Litmus MCP Server
Enables LLMs and intelligent systems to interact with Litmus Edge for device configuration, monitoring, and management.
Litmus MCP Server
The official Litmus Automation Model Context Protocol (MCP) Server enables LLMs and intelligent systems to interact with Litmus Edge for device configuration, monitoring, and management. It is built on top of the MCP SDK and adheres to the Model Context Protocol spec.
Table of Contents
Quick Launch
Start an HTTP SSE MCP Server using Docker
Run the server in Docker (HTTP SSE only)
docker run -d --name litmus-mcp-server -p 8000:8000 ghcr.io/litmusautomation/litmus-mcp-server:latest
NOTE: The Litmus MCP Server is built for linux/AMD64 platforms. If running in Docker on ARM64, specify the AMD64 platform type by including the --platform argument:
docker run -d --name litmus-mcp-server --platform linux/amd64 -p 8000:8000 ghcr.io/litmusautomation/litmus-mcp-server:main
Web UI
The Docker image includes a built-in chat interface that lets you interact with Litmus Edge using natural language — no MCP client configuration required.

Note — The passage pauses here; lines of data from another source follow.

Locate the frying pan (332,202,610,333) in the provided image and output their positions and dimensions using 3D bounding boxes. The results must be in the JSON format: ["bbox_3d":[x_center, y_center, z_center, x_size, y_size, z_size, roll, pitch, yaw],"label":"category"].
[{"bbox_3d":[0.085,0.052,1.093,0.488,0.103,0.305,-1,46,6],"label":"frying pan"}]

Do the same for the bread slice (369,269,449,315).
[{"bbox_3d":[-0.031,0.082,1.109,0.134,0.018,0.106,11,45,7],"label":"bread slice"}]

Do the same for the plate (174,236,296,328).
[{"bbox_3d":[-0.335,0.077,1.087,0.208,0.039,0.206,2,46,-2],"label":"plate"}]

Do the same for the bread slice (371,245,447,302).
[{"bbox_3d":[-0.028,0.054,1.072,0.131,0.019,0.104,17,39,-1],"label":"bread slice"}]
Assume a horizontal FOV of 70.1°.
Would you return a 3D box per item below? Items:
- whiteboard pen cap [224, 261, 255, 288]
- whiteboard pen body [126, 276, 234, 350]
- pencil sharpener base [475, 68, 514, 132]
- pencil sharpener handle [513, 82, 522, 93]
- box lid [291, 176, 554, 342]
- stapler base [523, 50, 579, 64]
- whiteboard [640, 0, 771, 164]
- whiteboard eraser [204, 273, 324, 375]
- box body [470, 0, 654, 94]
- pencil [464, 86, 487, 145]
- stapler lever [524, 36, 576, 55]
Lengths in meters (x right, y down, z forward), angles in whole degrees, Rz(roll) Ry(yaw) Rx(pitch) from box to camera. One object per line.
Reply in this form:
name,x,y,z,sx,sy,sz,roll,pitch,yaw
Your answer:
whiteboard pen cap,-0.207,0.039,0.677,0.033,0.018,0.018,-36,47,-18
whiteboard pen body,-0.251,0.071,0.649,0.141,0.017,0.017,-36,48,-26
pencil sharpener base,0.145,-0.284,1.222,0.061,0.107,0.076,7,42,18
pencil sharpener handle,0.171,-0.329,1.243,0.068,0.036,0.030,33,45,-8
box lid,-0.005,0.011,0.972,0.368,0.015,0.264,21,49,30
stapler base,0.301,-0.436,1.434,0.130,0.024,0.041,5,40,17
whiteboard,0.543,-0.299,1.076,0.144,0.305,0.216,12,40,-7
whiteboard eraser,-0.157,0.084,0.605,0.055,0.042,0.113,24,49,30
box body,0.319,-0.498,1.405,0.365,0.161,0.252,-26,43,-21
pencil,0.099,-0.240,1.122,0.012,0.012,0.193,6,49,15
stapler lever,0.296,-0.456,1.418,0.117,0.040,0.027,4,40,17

Start the server with both ports exposed:
docker run -d --name litmus-mcp-server \
-p 8000:8000 -p 9000:9000 \
-e ANTHROPIC_API_KEY=<key> \
ghcr.io/litmusautomation/litmus-mcp-server:latest
:9000— Web UI (chat interface). Openhttp://localhost:9000in your browser, add a Litmus Edge instance via the config page, and start chatting.:8000— SSE endpoint for external MCP clients (Claude Desktop, Cursor, VS Code, etc.) — still available as normal.
Supported LLM providers: Anthropic Claude, OpenAI, and Google Gemini. Provide one or more keys at startup (ANTHROPIC_API_KEY, OPENAI_API_KEY, GEMINI_API_KEY) or enter them through the Web UI's setup screen. The active provider and model are switchable from the Web UI's config page at any time.
Multiple Litmus Edge instances: The Web UI lets you register and switch between multiple Litmus Edge devices from a single MCP server. Each instance keeps its own URL and OAuth2 credentials; the active instance's credentials are mirrored into EDGE_URL / EDGE_API_CLIENT_ID / EDGE_API_CLIENT_SECRET automatically. Manage instances under Config → Litmus Edge Instances, or check status per-instance from the Health page.
Live Litmus documentation as MCP Resources: The server exposes litmus://docs/<section> URIs that fetch live content from docs.litmus.io on demand, so MCP-aware clients can pull current reference material directly into the model's context.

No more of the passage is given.